→ Data provided:

================================

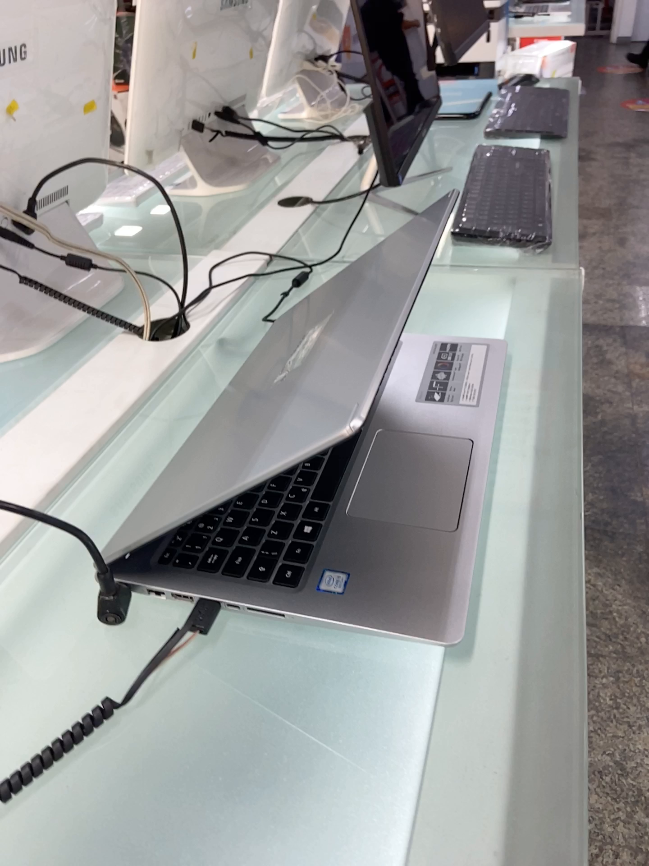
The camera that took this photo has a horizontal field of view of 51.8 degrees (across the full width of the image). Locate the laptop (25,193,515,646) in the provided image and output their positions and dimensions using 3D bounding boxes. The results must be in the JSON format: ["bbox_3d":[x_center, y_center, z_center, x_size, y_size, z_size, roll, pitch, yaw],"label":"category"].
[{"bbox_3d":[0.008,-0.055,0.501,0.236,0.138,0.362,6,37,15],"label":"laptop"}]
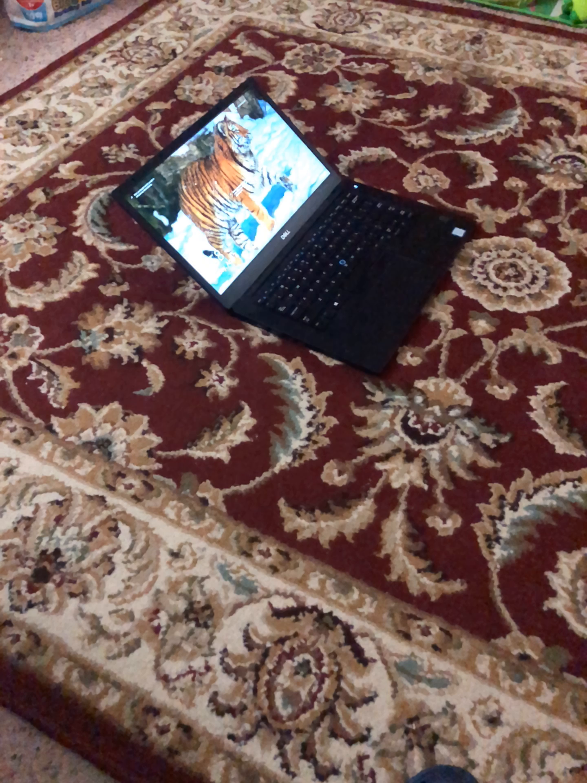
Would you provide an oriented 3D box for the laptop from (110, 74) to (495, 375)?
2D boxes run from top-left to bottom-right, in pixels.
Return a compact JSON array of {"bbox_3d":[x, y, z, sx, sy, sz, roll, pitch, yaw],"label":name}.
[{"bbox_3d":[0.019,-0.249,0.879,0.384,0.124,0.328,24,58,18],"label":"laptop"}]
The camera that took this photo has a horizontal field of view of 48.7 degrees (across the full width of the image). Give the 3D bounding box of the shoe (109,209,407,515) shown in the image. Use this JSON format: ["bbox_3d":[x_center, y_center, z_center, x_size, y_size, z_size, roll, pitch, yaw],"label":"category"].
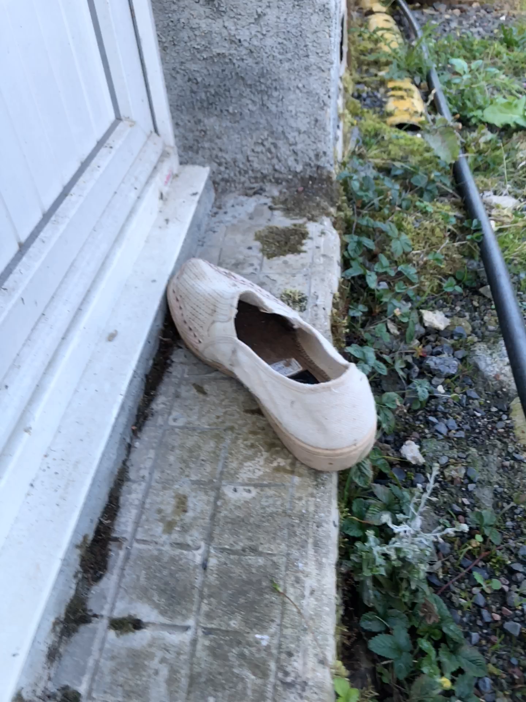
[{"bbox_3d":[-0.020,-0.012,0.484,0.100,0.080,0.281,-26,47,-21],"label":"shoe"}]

================================

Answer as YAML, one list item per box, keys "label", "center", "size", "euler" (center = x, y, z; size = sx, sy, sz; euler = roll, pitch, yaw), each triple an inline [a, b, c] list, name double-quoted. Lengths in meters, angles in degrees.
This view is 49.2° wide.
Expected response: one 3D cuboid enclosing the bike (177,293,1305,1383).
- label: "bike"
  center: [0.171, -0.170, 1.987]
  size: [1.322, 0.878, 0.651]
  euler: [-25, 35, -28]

================================

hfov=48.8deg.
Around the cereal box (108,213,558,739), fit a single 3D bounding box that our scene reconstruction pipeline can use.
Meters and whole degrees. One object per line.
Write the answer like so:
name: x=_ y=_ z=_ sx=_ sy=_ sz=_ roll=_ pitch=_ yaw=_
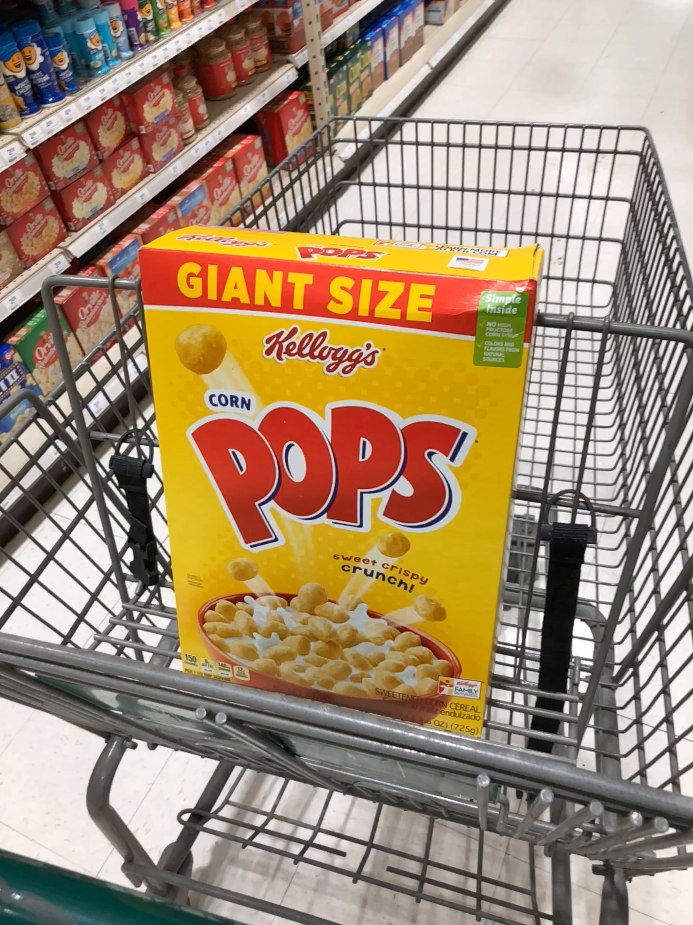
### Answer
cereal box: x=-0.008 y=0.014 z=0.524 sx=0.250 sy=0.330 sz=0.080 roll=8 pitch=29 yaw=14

================================

→ Task brief: Show each line of the material where the word "from" occurs.

→ Exercise output:
Would you provide an oriented 3D box for the laptop from (110, 74) to (495, 375)?
2D boxes run from top-left to bottom-right, in pixels.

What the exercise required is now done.